• TASK BRIEF: The answer should be a faithful retyping of the records that follow, pictures excluded.

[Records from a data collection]
Segment Open

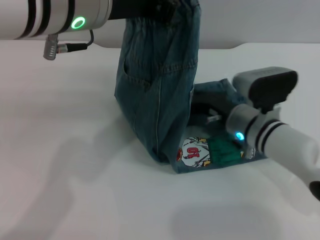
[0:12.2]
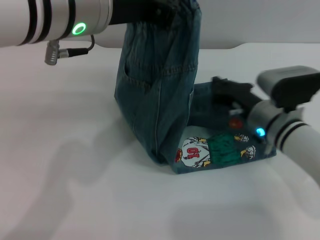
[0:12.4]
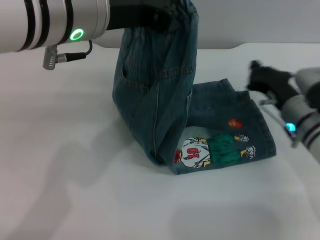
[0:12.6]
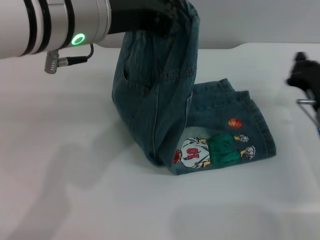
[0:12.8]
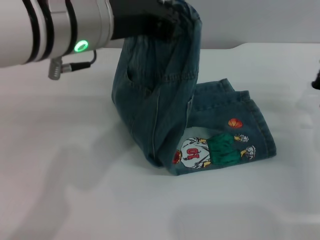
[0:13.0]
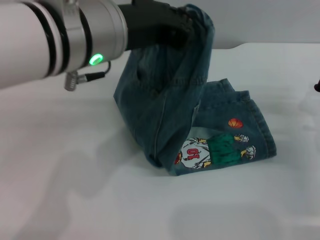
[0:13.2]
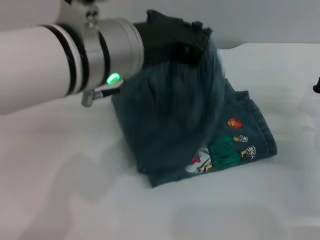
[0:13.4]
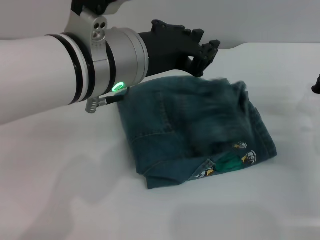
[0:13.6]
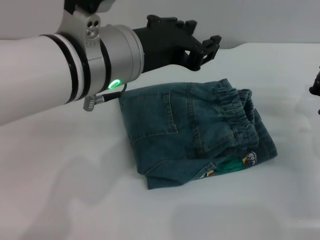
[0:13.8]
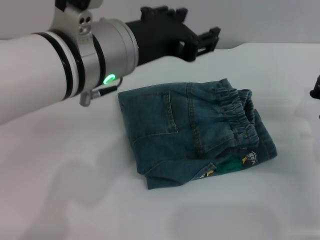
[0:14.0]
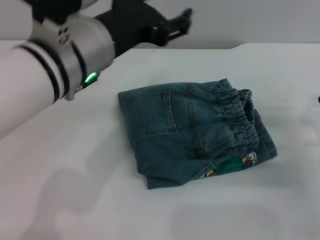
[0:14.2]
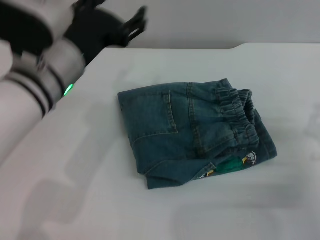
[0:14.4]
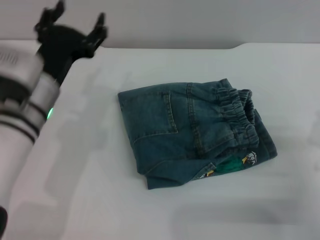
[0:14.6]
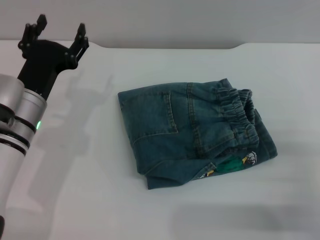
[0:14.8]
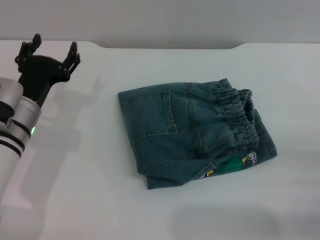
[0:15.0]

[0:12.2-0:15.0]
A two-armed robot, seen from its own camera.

Segment Closed

• RESULT:
[0:12.2]
[0:12.4]
[0:12.6]
[0:12.8]
[0:13.0]
[0:13.2]
[0:13.4]
[0:13.6]
[0:13.8]
[0:14.0]
[0:14.2]
[0:14.4]
[0:14.6]
[0:14.8]
[0:15.0]

[0:12.2-0:15.0]
A two-armed robot, seen from its own camera.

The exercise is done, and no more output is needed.